Ik krijg steeds sneller na het ontbijt opnieuw honger – 't is dat ik in mijn
reserves aan het tasten ben, vermoed ik. Vandaag doe ik Stettin aan, het wordt
dus nog een zware dag want ik zal daar pas om een uur of drie zijn en dan moet
ik Polen weer uit want ik heb geen zin om daar te overnachten. Stettin heet,
overigens, in het Pools Szczecin.
De ochtendrit
voert mij via Passow tot in Schönow. Pools klinkende namen: de grens, waar ik
nu al een paar dagen tegenaan rijd, is hier een door de geschiedenis
herhaaldelijk heen en weer geschoven pennetrek op de kaart. Nu is hij in de
Oder en de Neiße blijven steken. Alleen hier niet, want de voormalige Duitse
Hanzestad Stettin is dus, samen met een stuk linkeroever, Sczcecin geworden. Ik
denk in Schönow bij het dichtgetimmerde stationnetje een mooie picknickplaats te
hebben gevonden, maar dat is buiten de bijen gerekend die nieuwsgierig zijn
naar wat ik tussen mijn boterhammen leg. (Het is nochtans altijd hetzelfde:
kaas met een tomaat, worst, chocolade.) Eerst komt er eentje kijken, dan zijn
het er twee – en al vrij vlug sta ik daar al als een gek in coureurskloffie te
springen en wild om me heen te slaan. Gekke indruk moet dat maken op de twee
autobestuurders die passeren. Ik kras meteen op en onderneem een tweede
picknickpoging in het volgende dorp, Blumberg. Daar luiden net de klokken, een
beetje ongewoon voor een zaterdag half twaalf. Ik vraag aan het oude koppel dat
buiten op het terras van zijn eenvoudige woning zit te paffen wat er aan de
hand is. Het is een begrafenis. Als dat maar niet omineus wordt! Ze vullen nog mijn
fles met kraantjeswater en ik neem voor altijd afscheid van deze twee mensen.

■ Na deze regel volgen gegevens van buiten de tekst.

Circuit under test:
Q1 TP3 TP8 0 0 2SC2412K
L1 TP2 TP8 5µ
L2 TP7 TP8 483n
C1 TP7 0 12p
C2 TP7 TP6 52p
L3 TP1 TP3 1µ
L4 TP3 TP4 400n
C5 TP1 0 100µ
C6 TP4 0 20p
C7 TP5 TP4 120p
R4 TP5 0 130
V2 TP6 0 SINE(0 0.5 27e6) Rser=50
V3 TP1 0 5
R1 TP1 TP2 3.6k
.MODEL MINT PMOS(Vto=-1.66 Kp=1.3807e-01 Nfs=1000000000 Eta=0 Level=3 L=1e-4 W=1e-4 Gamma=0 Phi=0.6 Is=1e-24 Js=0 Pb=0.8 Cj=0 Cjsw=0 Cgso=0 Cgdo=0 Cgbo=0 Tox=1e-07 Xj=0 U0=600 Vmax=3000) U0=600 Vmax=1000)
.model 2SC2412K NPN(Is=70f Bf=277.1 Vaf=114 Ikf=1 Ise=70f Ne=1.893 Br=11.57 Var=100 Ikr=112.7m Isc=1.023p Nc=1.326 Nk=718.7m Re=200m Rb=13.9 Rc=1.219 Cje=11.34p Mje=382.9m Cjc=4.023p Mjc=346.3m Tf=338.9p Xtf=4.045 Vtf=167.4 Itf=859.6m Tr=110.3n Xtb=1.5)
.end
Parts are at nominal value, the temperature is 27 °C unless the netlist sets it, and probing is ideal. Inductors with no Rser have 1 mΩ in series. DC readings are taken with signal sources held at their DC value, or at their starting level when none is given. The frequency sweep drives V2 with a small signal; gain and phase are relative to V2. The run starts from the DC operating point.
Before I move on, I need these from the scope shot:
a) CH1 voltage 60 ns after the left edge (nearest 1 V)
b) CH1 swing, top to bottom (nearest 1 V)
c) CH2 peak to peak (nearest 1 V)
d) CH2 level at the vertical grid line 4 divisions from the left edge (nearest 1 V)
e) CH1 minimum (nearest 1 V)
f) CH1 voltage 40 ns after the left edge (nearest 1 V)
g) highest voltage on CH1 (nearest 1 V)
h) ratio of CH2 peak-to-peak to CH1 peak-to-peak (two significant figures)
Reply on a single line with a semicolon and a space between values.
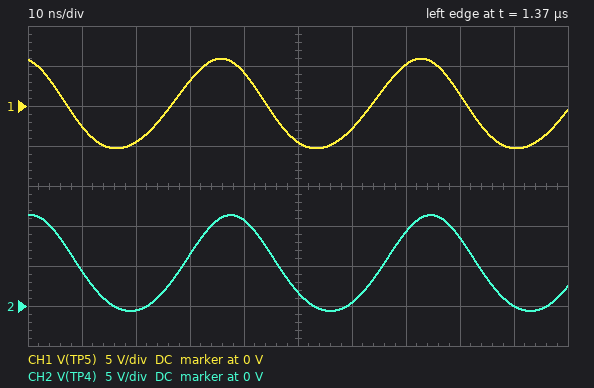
-3 V; 11 V; 12 V; 11 V; -5 V; 4 V; 6 V; 1.1
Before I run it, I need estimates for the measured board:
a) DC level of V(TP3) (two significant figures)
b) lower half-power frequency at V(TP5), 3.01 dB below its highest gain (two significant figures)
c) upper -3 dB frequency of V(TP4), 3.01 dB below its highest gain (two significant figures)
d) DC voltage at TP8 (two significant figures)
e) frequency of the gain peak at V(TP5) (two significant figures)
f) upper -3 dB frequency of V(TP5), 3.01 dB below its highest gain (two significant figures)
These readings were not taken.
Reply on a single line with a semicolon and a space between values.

5.0 V; 16 MHz; 34 MHz; 820 mV; 27 MHz; 34 MHz
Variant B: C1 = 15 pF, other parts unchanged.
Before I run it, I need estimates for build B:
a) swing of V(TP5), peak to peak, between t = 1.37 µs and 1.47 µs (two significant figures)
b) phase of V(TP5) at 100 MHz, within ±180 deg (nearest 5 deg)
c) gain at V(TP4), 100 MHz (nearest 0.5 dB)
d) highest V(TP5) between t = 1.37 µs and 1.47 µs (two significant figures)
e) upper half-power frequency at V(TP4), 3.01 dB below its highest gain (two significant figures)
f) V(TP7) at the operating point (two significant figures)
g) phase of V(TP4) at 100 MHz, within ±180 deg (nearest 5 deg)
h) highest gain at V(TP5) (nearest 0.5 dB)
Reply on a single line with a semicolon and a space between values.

12 V; -100 deg; -10.5 dB; 6.1 V; 33 MHz; 820 mV; -105 deg; 21.5 dB
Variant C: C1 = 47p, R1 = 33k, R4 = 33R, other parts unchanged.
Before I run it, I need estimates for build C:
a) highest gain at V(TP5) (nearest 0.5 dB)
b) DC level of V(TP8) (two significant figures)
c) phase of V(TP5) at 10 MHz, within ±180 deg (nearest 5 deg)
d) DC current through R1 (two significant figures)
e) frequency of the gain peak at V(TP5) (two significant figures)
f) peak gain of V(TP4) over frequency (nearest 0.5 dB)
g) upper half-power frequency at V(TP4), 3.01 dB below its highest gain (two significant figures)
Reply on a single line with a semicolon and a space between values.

17.5 dB; 710 mV; -80 deg; 130 µA; 25 MHz; 26.5 dB; 15 MHz
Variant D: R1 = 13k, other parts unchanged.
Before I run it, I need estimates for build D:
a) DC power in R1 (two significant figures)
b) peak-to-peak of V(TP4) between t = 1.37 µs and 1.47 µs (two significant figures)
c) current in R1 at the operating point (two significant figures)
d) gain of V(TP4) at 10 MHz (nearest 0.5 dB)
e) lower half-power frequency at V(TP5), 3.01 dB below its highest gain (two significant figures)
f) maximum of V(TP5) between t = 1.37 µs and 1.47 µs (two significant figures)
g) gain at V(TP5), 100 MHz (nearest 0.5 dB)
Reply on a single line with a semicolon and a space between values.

1.4 mW; 15 V; 330 µA; 21.0 dB; 17 MHz; 7.8 V; -6.5 dB
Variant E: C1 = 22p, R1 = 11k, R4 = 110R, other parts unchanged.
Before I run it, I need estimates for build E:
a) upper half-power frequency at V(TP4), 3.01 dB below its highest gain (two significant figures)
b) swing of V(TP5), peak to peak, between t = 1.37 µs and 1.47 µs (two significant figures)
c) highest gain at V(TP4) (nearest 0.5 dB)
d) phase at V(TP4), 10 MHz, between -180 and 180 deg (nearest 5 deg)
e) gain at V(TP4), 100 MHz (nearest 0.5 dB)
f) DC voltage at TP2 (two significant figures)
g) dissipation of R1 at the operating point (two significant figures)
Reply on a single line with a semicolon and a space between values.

Welk leven hebben zij gehad?, ik zal het nooit weten.
Onderweg,
boven een van de meertjes waar ik langs rijd, jaagt een visarend. Ik realiseer
me dat ik er al een paar gezien heb. In deze streek laten minder vogels zich
zien. Veel spreeuwen, dat wel. En boerenzwaluwen. Gisteren zag ik vier
ooievaars achter een tractor die op een omgeploegde akker mest aan het
injecteren was.
Ik stop nog
voor een koffie in Penkun en rijd dan in één ruk door naar Stettin. Het eerste
stuk, tot aan de grens in Linken, valt mee omdat ik veel rugwind heb. Maar dan
begint de miserie. De Polen leggen hun fietspaden enkel pro forma op aan de fietsers.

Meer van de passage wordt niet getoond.